:: What is required ::
Instruction for the entries that follow: retype exactly the lines from the line with "type serialized_globals = Serialized_globals" to the line with "Convert formula to", both included, and omit all others.

====== Data for analysis ======

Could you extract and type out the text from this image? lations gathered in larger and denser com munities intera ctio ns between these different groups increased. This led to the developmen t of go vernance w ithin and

======
====== Data for analysis ======

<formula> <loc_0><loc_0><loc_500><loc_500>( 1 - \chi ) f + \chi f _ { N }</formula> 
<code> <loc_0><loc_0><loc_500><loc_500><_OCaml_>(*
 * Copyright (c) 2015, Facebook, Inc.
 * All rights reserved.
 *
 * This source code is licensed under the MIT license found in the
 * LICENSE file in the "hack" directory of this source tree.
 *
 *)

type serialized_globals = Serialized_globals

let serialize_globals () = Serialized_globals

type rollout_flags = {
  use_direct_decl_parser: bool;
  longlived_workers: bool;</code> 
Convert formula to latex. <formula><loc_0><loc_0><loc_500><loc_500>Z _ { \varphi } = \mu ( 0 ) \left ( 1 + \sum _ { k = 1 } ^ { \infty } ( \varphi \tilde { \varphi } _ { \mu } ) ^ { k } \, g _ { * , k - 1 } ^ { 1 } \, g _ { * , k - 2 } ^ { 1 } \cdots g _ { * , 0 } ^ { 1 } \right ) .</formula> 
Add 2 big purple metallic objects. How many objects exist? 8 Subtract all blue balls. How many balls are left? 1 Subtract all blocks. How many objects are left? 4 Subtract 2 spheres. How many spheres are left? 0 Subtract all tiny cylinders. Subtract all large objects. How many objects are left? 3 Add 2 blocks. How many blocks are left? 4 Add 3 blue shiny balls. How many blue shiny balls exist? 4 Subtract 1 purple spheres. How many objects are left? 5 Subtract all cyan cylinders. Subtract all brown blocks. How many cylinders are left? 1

======
====== Data for analysis ======

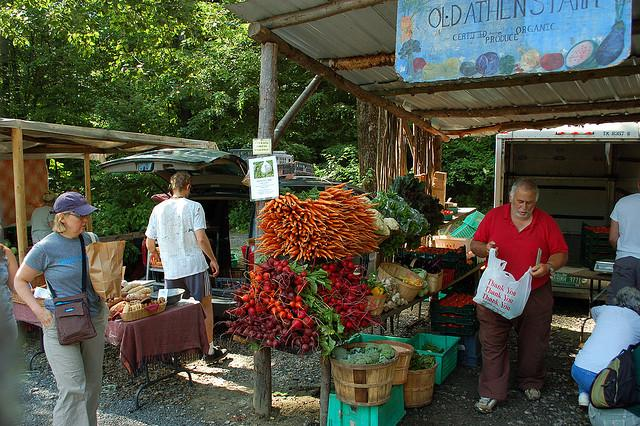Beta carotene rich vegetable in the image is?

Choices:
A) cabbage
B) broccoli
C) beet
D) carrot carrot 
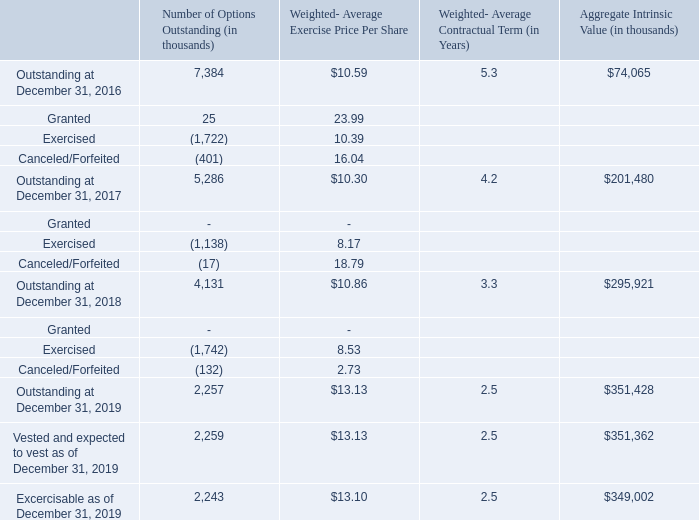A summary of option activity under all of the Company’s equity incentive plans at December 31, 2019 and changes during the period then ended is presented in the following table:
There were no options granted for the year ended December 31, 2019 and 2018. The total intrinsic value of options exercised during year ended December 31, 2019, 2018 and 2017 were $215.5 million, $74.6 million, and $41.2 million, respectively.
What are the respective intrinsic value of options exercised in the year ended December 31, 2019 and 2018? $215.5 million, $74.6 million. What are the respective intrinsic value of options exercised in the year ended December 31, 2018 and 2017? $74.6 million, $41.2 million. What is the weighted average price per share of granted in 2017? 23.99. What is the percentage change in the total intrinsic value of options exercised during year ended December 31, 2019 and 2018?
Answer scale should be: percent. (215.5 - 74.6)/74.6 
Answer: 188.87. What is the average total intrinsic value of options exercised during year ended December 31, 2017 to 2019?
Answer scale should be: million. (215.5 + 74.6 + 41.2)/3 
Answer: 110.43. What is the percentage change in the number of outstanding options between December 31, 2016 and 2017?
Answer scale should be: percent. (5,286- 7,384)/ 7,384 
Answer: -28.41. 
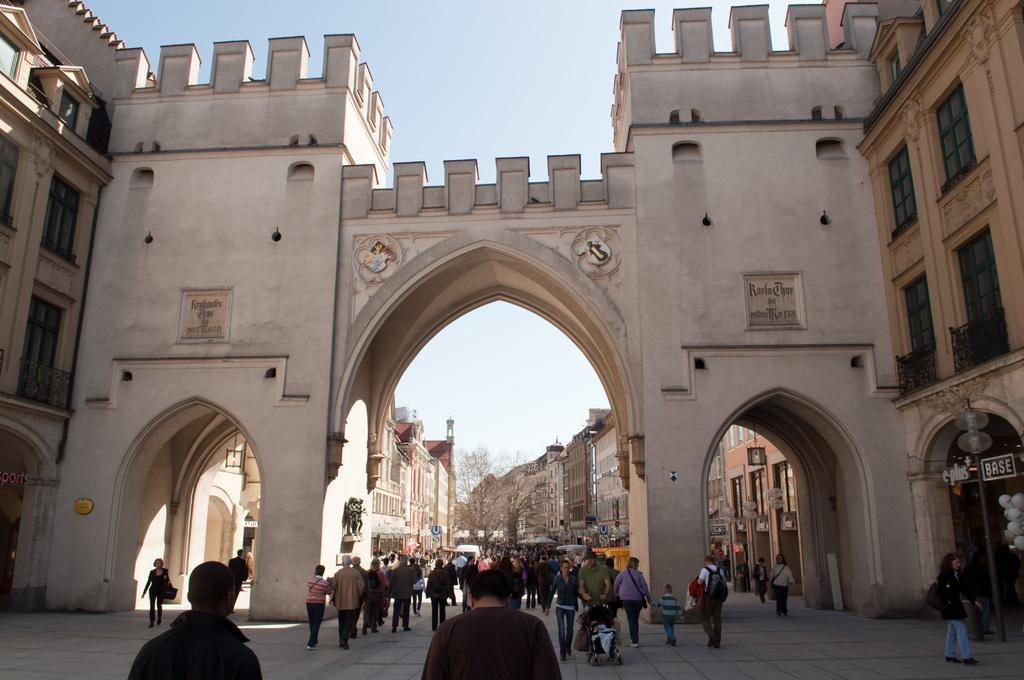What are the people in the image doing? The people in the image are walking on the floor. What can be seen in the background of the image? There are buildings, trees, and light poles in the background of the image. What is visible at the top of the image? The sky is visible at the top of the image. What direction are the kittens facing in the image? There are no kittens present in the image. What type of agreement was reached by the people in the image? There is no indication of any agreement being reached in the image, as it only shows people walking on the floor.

======

:: Output of the task ::
type serialized_globals = Serialized_globals

let serialize_globals () = Serialized_globals

type rollout_flags = {
  use_direct_decl_parser: bool;
  longlived_workers: bool;</code> 
Convert formula to latex. <formula><loc_0><loc_0><loc_500><loc_500>Z _ { \varphi } = \mu ( 0 ) \left ( 1 + \sum _ { k = 1 } ^ { \infty } ( \varphi \tilde { \varphi } _ { \mu } ) ^ { k } \, g _ { * , k - 1 } ^ { 1 } \, g _ { * , k - 2 } ^ { 1 } \cdots g _ { * , 0 } ^ { 1 } \right ) .</formula> 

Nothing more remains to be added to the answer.